A DOZEN men brave the scorching heat from a hot summer afternoon as they carry sacks of ore on their backs from a disused mine in Esigodini to an open area where a heap of bags is fast piling up.
The men — artisanal miners — are moving the ore from a mine shaft they say is between 100 to 120 metres deep, to an open field from where it will be transported to a stamp mill.
The disused mine belonged to a German mining firm that stopped operations years ago after it became unsustainable as a result of high operational costs but the mine still has gold deposits hence the artisanal miners are working there.
More than 40 omakorokoza (artisanal miners) work long hours, day and night at the disused mine searching for the precious yellow metal.
It’s a laborious job that pays handsomely for the lucky ones who strike gold but the search for the precious mineral comes with health complications for artisanal miners.
The continuous pounding of the stamp mill as it crushes the ore to separate the gold, feels the air as each group of artisanal miners readies to get to the final stages of the long process of gold extraction.

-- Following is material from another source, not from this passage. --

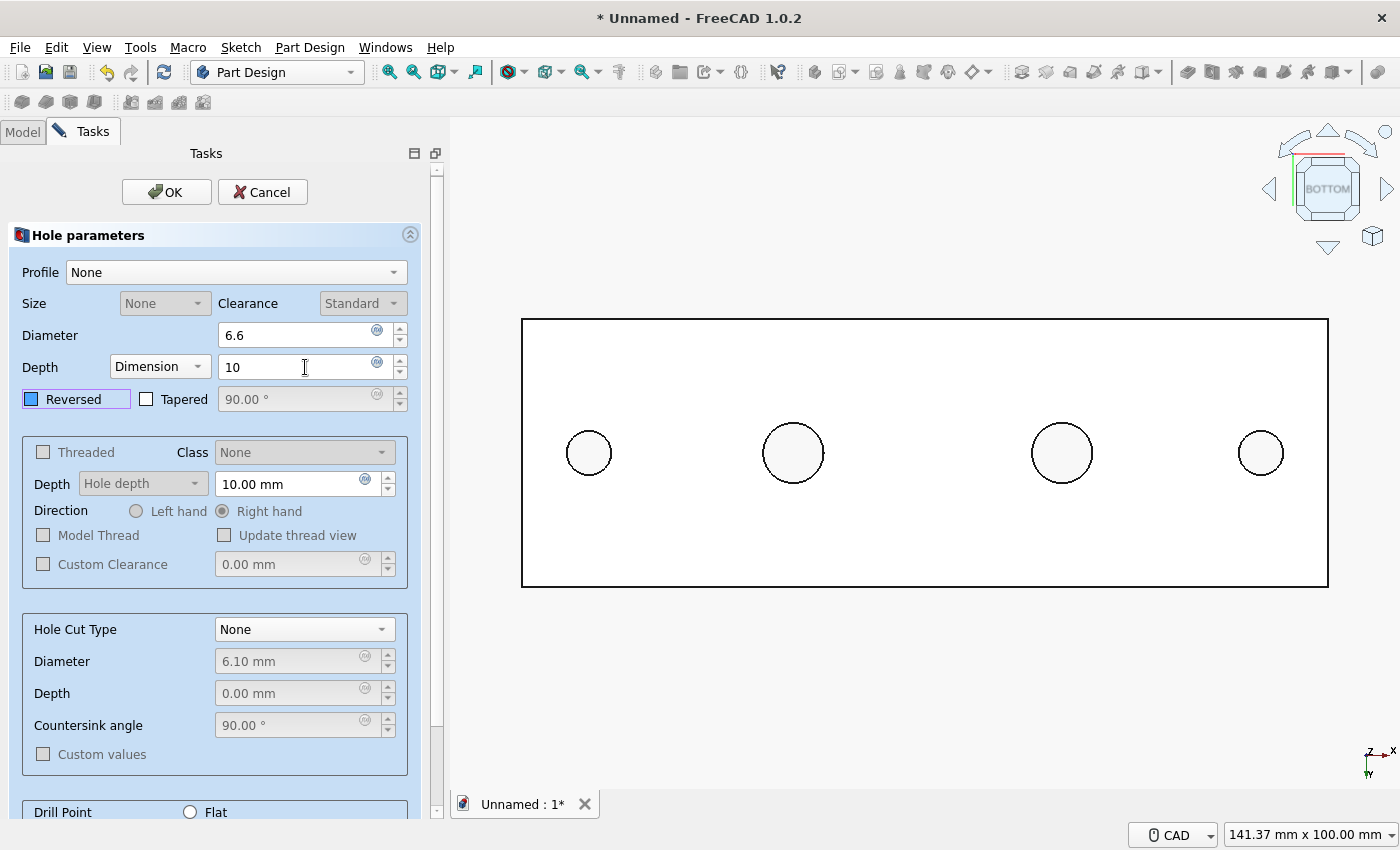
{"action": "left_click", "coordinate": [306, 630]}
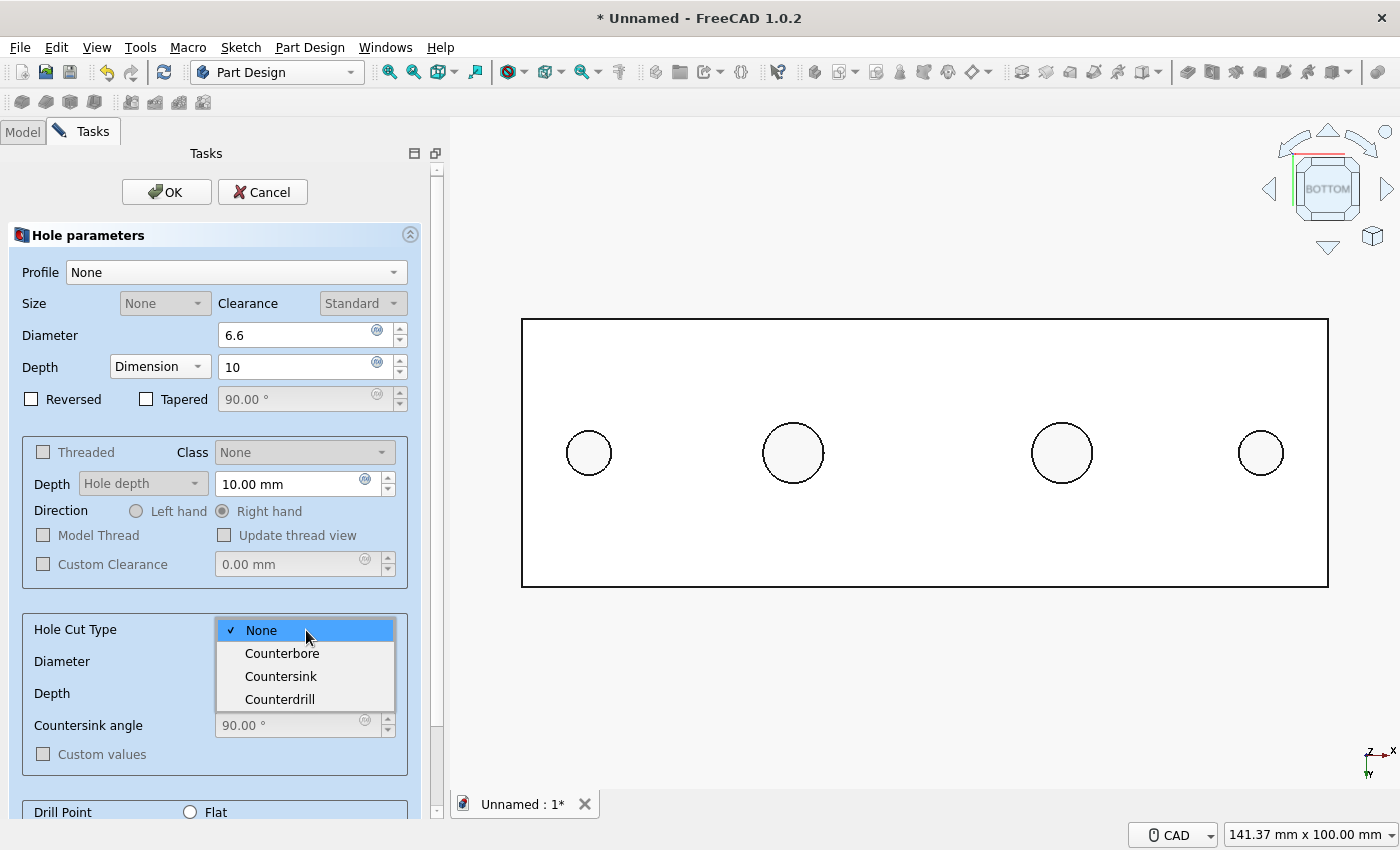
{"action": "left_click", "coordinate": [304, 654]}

One artisanal miner Sibusiso Mlambo shows the Chronicle news crew the damage to his hands caused by handling mercury in the final stage of refining the gold.
His fingertips on both hands have retained a yellowish colour that almost obscures his fingerprints and Mlambo says this was brought about when he started handling mercury to purify gold.
In artisanal mining, mercury is mixed with gold-containing materials, forming a mercury-gold mixture, which is then heated to obtain the gold. As the mercury-gold mixture is heated, the air fills with fumes as the liquid metal evaporates — leaving behind a lump of gold.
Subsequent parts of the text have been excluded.